▶ [Exercise aim]
The answer must consist solely of the lines from the start of the records through the line containing "Every object in", restated word for word, with no pictures.

§

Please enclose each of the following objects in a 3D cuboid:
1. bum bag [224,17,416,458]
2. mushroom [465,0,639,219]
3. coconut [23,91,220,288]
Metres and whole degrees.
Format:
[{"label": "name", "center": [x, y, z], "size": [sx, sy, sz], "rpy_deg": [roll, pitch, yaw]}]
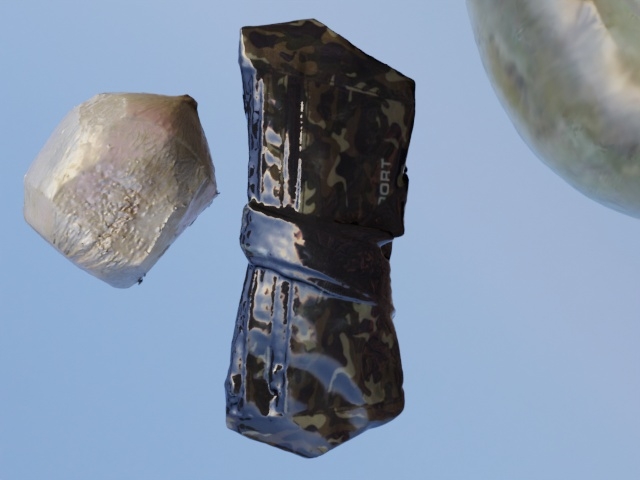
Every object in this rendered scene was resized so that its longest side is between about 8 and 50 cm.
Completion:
[{"label": "bum bag", "center": [0.001, 0.000, 0.815], "size": [0.069, 0.102, 0.248], "rpy_deg": [-63, -24, -81]}, {"label": "mushroom", "center": [0.259, -0.179, 0.925], "size": [0.352, 0.352, 0.260], "rpy_deg": [55, 179, 12]}, {"label": "coconut", "center": [-0.114, -0.037, 0.875], "size": [0.110, 0.124, 0.110], "rpy_deg": [38, 176, 3]}]

§

▶ [Output below]
Please enclose each of the following objects in a 3D cuboid:
1. bum bag [224,17,416,458]
2. mushroom [465,0,639,219]
3. coconut [23,91,220,288]
Metres and whole degrees.
Format:
[{"label": "name", "center": [x, y, z], "size": [sx, sy, sz], "rpy_deg": [roll, pitch, yaw]}]
Every object in this rendered scene was resized so that its longest side is between about 8 and 50 cm.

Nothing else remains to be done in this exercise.